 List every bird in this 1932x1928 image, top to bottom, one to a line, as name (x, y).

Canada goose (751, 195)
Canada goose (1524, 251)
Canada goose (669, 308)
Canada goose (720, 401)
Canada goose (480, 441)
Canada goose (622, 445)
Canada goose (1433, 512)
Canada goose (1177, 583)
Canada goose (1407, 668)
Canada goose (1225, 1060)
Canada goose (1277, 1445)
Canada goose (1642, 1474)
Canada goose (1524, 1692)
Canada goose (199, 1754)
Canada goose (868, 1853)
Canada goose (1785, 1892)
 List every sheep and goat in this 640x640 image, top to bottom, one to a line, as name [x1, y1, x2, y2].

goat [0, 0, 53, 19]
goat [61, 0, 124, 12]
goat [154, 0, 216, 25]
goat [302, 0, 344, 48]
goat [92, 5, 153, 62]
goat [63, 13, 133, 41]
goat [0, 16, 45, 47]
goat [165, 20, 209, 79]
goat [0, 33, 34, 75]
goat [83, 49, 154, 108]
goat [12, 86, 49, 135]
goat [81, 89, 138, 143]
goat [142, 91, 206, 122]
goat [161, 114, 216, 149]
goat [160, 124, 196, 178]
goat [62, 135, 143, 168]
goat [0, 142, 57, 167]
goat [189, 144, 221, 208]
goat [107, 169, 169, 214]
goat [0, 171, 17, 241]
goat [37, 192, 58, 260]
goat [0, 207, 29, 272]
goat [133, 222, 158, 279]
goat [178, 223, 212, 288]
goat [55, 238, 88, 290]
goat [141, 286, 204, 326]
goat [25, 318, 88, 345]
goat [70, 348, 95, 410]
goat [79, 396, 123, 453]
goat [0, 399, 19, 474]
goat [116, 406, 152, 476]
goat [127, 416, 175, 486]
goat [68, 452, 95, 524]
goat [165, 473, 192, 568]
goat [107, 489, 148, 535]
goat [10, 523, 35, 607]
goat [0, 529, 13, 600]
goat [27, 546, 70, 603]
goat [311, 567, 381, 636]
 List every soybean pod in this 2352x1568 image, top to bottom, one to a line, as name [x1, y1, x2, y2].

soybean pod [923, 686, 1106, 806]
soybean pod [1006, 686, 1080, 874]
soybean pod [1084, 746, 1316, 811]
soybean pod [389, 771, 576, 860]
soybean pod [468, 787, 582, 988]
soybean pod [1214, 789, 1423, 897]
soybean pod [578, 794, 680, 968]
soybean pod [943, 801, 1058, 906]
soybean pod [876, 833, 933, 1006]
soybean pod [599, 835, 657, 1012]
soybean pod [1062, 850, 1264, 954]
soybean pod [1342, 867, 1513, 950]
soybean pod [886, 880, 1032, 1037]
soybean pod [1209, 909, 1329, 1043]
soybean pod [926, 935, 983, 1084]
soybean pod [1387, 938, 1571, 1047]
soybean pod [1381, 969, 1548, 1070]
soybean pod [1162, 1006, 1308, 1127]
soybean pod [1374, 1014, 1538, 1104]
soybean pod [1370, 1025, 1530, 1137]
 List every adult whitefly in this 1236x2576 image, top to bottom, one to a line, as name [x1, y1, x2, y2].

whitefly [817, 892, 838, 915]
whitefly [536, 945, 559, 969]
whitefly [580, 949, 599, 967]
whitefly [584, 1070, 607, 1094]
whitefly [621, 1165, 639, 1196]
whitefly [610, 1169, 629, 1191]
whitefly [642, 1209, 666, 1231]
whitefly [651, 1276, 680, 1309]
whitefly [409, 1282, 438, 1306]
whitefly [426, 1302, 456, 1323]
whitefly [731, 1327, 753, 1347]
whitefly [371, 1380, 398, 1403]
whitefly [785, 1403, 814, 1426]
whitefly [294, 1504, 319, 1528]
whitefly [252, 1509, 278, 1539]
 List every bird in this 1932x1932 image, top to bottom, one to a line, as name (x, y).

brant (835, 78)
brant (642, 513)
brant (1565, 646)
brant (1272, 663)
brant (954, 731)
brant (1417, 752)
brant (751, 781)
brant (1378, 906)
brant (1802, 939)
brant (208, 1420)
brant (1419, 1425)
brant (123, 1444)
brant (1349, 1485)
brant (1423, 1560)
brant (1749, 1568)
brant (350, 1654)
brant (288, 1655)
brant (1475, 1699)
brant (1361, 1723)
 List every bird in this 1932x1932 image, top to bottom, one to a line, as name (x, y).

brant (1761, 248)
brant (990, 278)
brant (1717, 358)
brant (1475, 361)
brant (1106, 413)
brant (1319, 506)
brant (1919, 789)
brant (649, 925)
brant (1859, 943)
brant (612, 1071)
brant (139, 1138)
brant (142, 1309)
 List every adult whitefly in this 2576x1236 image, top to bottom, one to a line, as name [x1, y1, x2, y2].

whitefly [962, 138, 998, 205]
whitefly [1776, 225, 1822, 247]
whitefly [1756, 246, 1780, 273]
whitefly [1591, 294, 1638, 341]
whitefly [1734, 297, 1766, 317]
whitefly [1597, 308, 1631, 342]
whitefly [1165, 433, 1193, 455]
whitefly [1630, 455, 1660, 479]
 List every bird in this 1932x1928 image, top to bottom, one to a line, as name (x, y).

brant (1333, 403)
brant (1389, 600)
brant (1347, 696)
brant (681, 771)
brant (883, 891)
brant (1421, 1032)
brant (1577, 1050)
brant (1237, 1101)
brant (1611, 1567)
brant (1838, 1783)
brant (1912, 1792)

Assignment
Return the whole listing, keeping every line exactly as it is.

Answer to the exercise
 List every bird in this 1932x1928 image, top to bottom, one to a line, as name (x, y).

Canada goose (751, 195)
Canada goose (1524, 251)
Canada goose (669, 308)
Canada goose (720, 401)
Canada goose (480, 441)
Canada goose (622, 445)
Canada goose (1433, 512)
Canada goose (1177, 583)
Canada goose (1407, 668)
Canada goose (1225, 1060)
Canada goose (1277, 1445)
Canada goose (1642, 1474)
Canada goose (1524, 1692)
Canada goose (199, 1754)
Canada goose (868, 1853)
Canada goose (1785, 1892)
 List every sheep and goat in this 640x640 image, top to bottom, one to a line, as name [x1, y1, x2, y2].

goat [0, 0, 53, 19]
goat [61, 0, 124, 12]
goat [154, 0, 216, 25]
goat [302, 0, 344, 48]
goat [92, 5, 153, 62]
goat [63, 13, 133, 41]
goat [0, 16, 45, 47]
goat [165, 20, 209, 79]
goat [0, 33, 34, 75]
goat [83, 49, 154, 108]
goat [12, 86, 49, 135]
goat [81, 89, 138, 143]
goat [142, 91, 206, 122]
goat [161, 114, 216, 149]
goat [160, 124, 196, 178]
goat [62, 135, 143, 168]
goat [0, 142, 57, 167]
goat [189, 144, 221, 208]
goat [107, 169, 169, 214]
goat [0, 171, 17, 241]
goat [37, 192, 58, 260]
goat [0, 207, 29, 272]
goat [133, 222, 158, 279]
goat [178, 223, 212, 288]
goat [55, 238, 88, 290]
goat [141, 286, 204, 326]
goat [25, 318, 88, 345]
goat [70, 348, 95, 410]
goat [79, 396, 123, 453]
goat [0, 399, 19, 474]
goat [116, 406, 152, 476]
goat [127, 416, 175, 486]
goat [68, 452, 95, 524]
goat [165, 473, 192, 568]
goat [107, 489, 148, 535]
goat [10, 523, 35, 607]
goat [0, 529, 13, 600]
goat [27, 546, 70, 603]
goat [311, 567, 381, 636]
 List every soybean pod in this 2352x1568 image, top to bottom, one to a line, as name [x1, y1, x2, y2].

soybean pod [923, 686, 1106, 806]
soybean pod [1006, 686, 1080, 874]
soybean pod [1084, 746, 1316, 811]
soybean pod [389, 771, 576, 860]
soybean pod [468, 787, 582, 988]
soybean pod [1214, 789, 1423, 897]
soybean pod [578, 794, 680, 968]
soybean pod [943, 801, 1058, 906]
soybean pod [876, 833, 933, 1006]
soybean pod [599, 835, 657, 1012]
soybean pod [1062, 850, 1264, 954]
soybean pod [1342, 867, 1513, 950]
soybean pod [886, 880, 1032, 1037]
soybean pod [1209, 909, 1329, 1043]
soybean pod [926, 935, 983, 1084]
soybean pod [1387, 938, 1571, 1047]
soybean pod [1381, 969, 1548, 1070]
soybean pod [1162, 1006, 1308, 1127]
soybean pod [1374, 1014, 1538, 1104]
soybean pod [1370, 1025, 1530, 1137]
 List every adult whitefly in this 1236x2576 image, top to bottom, one to a line, as name [x1, y1, x2, y2].

whitefly [817, 892, 838, 915]
whitefly [536, 945, 559, 969]
whitefly [580, 949, 599, 967]
whitefly [584, 1070, 607, 1094]
whitefly [621, 1165, 639, 1196]
whitefly [610, 1169, 629, 1191]
whitefly [642, 1209, 666, 1231]
whitefly [651, 1276, 680, 1309]
whitefly [409, 1282, 438, 1306]
whitefly [426, 1302, 456, 1323]
whitefly [731, 1327, 753, 1347]
whitefly [371, 1380, 398, 1403]
whitefly [785, 1403, 814, 1426]
whitefly [294, 1504, 319, 1528]
whitefly [252, 1509, 278, 1539]
 List every bird in this 1932x1932 image, top to bottom, one to a line, as name (x, y).

brant (835, 78)
brant (642, 513)
brant (1565, 646)
brant (1272, 663)
brant (954, 731)
brant (1417, 752)
brant (751, 781)
brant (1378, 906)
brant (1802, 939)
brant (208, 1420)
brant (1419, 1425)
brant (123, 1444)
brant (1349, 1485)
brant (1423, 1560)
brant (1749, 1568)
brant (350, 1654)
brant (288, 1655)
brant (1475, 1699)
brant (1361, 1723)
 List every bird in this 1932x1932 image, top to bottom, one to a line, as name (x, y).

brant (1761, 248)
brant (990, 278)
brant (1717, 358)
brant (1475, 361)
brant (1106, 413)
brant (1319, 506)
brant (1919, 789)
brant (649, 925)
brant (1859, 943)
brant (612, 1071)
brant (139, 1138)
brant (142, 1309)
 List every adult whitefly in this 2576x1236 image, top to bottom, one to a line, as name [x1, y1, x2, y2].

whitefly [962, 138, 998, 205]
whitefly [1776, 225, 1822, 247]
whitefly [1756, 246, 1780, 273]
whitefly [1591, 294, 1638, 341]
whitefly [1734, 297, 1766, 317]
whitefly [1597, 308, 1631, 342]
whitefly [1165, 433, 1193, 455]
whitefly [1630, 455, 1660, 479]
 List every bird in this 1932x1928 image, top to bottom, one to a line, as name (x, y).

brant (1333, 403)
brant (1389, 600)
brant (1347, 696)
brant (681, 771)
brant (883, 891)
brant (1421, 1032)
brant (1577, 1050)
brant (1237, 1101)
brant (1611, 1567)
brant (1838, 1783)
brant (1912, 1792)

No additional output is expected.